Integrantes da cúpula da Procuradoria-Geral da República (PGR) ouvidos em caráter reservado pelo Estado/Broadcast avaliam que não há empecilhos legais para o jornalista Glenn Greenwald ter se tornado alvo de denúncia do Ministério Público Federal (MPF), mesmo sem ser formalmente investigado na Operação Spoofing. Glenn entrou na mira da apuração, que examina a invasão de aplicativos de mensagens de autoridades brasileiras.
Segundo um integrante da cúpula da PGR, que pediu para não ser identificado, uma denúncia pode, em tese, incluir uma pessoa que não era originalmente alvo da investigação – e, embora possa parecer “caça às bruxas”, um jornalista “pode divulgar tudo, mas não pode fazer qualquer coisa para obter a informação”.
Um outro membro da cúpula da PGR aponta que a legislação permite denunciar alguém que nem é formalmente investigado, “desde que se tenha em mãos” elementos suficientes para embasar a acusação.

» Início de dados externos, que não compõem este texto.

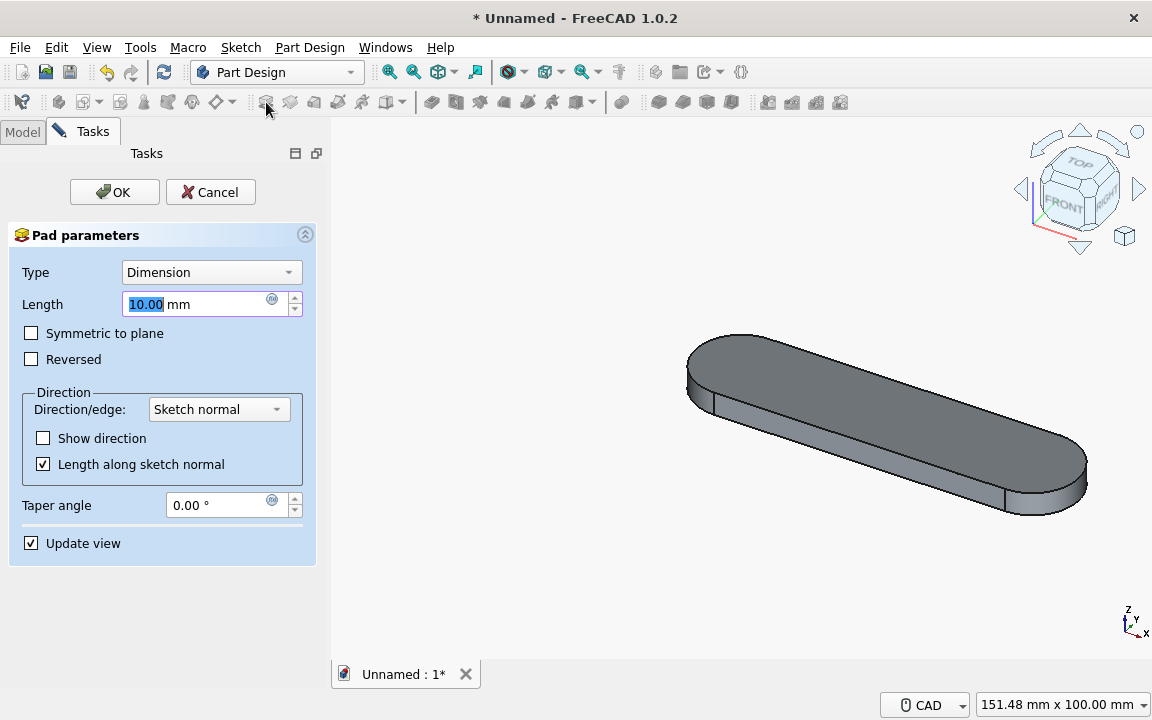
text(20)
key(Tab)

A opinião é compartilhada por outros membros do MPF, que, mesmo assim, se disseram surpreendidos com a denúncia da Procuradoria da República no Distrito Federal (PR-DF) contra Glenn. O jornalista é acusado de associação criminosa relacionada à invasão e roubo de mensagens de celulares de procuradores da força-tarefa da Lava Jato e do então juiz federal Sérgio Moro, atual ministro da Justiça. Outras seis pessoas também foram acusadas.
Na avaliação do procurador Wellington Divino Oliveira, responsável pelo caso, Glenn recebeu o material de origem ilícita “enquanto a organização criminosa ainda praticava condutas semelhantes, buscando novos alvos, possuindo relação próxima e tentando subverter a noção de proteção ao ‘sigilo da fonte’ para, inclusive orientar que o grupo deveria se desfazer das mensagens que estavam armazenadas para evitar ligação dos autores com os conteúdos “hackeados”.
Perfil ‘proativo’. Um membro do MPF classifica o procurador como “um bom colega”, mas observa que Oliveira “tem rompantes de proatividade que nos deixam perplexo”. Nome desconhecido de procuradores que atuam em Brasília, Oliveira denunciou anteriormente o presidente nacional da OAB, Felipe Santa Cruz, acusado de cometer crime de calúnia contra o ministro da Justiça e Segurança Pública, Sérgio Moro. A denúncia, no entanto, acabou rejeitada pela Justiça Federal do DF.
Para subprocuradores ouvidos pelo Estado, é possível denunciar alguém que não foi diretamente investigado, mas para isso “são necessárias provas de autoria e materialidade”, ou seja, quando o fato suspeito puder ser demonstrado por meio de documentos. “A questão é que o procurador Wellington Divino considerou que a atuação do Glenn não estaria acobertada pelo exercício regular da imprensa e sigilo de fonte”, afirmou um integrante da PGR.
O caso de Glenn ganha mais nuances porque, além do direito constitucional do sigilo de fonte, o ministro Gilmar Mendes, do STF, concedeu em agosto do ano passado uma liminar a favor do jornalista, quando as mensagens divulgadas pelo site “The Intercept Brasil” provocavam um terremoto político em Brasília e Curitiba. Integrantes da Corte consultados pelo Estado interpretam a denúncia como “desrespeito” à decisão de Gilmar.
Na ocasião, o ministro determinou que as “autoridades públicas e seus órgãos de apuração administrativa ou criminal abstenham-se de praticar atos que visem à responsabilização do jornalista Glenn Greenwald pela recepção, obtenção ou transmissão de informações publicadas em veículos de mídia”.
Para Oliveira, a decisão de Gilmar “criou uma espécie de imunidade especial”, garantindo um ‘salvo conduto’ ao réu de ser investigado. Um ex-integrante da cúpula da PGR reconhece que “é raro” alguém ser denunciado sem ser formalmente investigado, mas avaliou que nas conversas transcritas na denúncia, Glenn “claramente sabe da atividade criminosa”. Para esse procurador, “certa ou errada a denúncia”, é fato que a conduta de Glenn e o tipo de ‘fonte’ que ele aceitou ter e a ela se associou é uma “excrescência”.